• **Task prompt**
Which lines of the entries contain the word "part"? Please list them.

**** Supplied records

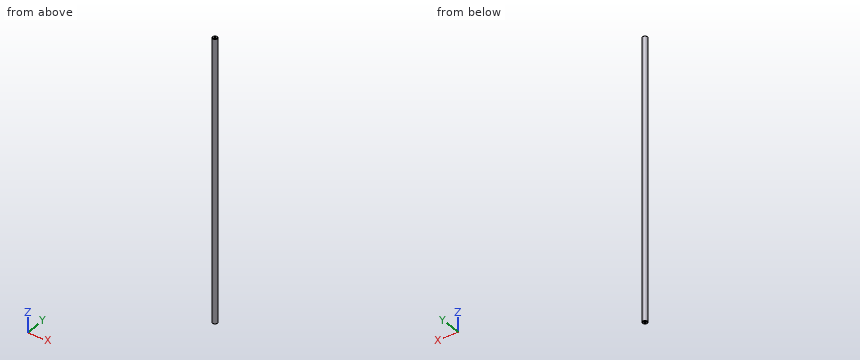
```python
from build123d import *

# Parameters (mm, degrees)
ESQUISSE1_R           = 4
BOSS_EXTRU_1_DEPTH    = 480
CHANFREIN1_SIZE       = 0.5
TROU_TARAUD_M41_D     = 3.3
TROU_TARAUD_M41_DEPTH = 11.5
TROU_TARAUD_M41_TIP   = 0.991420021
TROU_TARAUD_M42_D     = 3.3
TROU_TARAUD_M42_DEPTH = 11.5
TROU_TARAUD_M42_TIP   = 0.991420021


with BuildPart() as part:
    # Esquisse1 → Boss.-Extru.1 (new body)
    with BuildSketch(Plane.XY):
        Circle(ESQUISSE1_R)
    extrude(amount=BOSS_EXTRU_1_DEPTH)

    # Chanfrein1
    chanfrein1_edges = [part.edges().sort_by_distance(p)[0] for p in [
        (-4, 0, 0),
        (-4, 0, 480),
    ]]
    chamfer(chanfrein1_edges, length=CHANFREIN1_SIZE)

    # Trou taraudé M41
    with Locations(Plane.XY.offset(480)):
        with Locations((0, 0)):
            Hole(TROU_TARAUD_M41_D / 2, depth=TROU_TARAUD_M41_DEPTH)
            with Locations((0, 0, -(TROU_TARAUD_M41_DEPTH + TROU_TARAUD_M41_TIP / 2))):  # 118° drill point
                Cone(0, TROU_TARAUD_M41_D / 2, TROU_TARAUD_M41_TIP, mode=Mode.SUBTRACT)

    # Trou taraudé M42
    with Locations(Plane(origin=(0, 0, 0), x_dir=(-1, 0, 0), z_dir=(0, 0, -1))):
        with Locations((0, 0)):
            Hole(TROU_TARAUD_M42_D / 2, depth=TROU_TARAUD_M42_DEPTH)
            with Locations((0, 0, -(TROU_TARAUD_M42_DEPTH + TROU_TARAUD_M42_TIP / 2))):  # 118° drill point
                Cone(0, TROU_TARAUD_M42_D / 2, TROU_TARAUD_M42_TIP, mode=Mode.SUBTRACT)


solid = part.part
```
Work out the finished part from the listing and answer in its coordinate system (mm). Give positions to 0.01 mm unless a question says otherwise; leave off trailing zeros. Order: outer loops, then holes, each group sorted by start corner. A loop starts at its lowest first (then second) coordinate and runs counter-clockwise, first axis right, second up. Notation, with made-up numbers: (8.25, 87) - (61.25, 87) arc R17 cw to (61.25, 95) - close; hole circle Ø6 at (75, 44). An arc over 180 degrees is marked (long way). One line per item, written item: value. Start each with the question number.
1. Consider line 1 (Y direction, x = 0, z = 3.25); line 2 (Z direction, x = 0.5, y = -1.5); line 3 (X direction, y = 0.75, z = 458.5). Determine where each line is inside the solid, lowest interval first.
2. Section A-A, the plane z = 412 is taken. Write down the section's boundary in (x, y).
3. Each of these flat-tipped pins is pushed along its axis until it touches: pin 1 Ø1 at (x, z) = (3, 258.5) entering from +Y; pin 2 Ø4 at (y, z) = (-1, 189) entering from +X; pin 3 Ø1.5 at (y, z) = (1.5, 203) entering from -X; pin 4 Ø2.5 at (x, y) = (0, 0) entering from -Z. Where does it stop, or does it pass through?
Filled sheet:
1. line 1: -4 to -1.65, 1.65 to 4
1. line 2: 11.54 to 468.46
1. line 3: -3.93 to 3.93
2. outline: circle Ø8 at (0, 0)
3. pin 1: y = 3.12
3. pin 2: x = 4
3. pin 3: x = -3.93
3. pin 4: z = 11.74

********

• **Response**
with BuildPart() as part:
    chanfrein1_edges = [part.edges().sort_by_distance(p)[0] for p in [
solid = part.part
Work out the finished part from the listing and answer in its coordinate system (mm). Give positions to 0.01 mm unless a question says otherwise; leave off trailing zeros. Order: outer loops, then holes, each group sorted by start corner. A loop starts at its lowest first (then second) coordinate and runs counter-clockwise, first axis right, second up. Notation, with made-up numbers: (8.25, 87) - (61.25, 87) arc R17 cw to (61.25, 95) - close; hole circle Ø6 at (75, 44). An arc over 180 degrees is marked (long way). One line per item, written item: value. Start each with the question number.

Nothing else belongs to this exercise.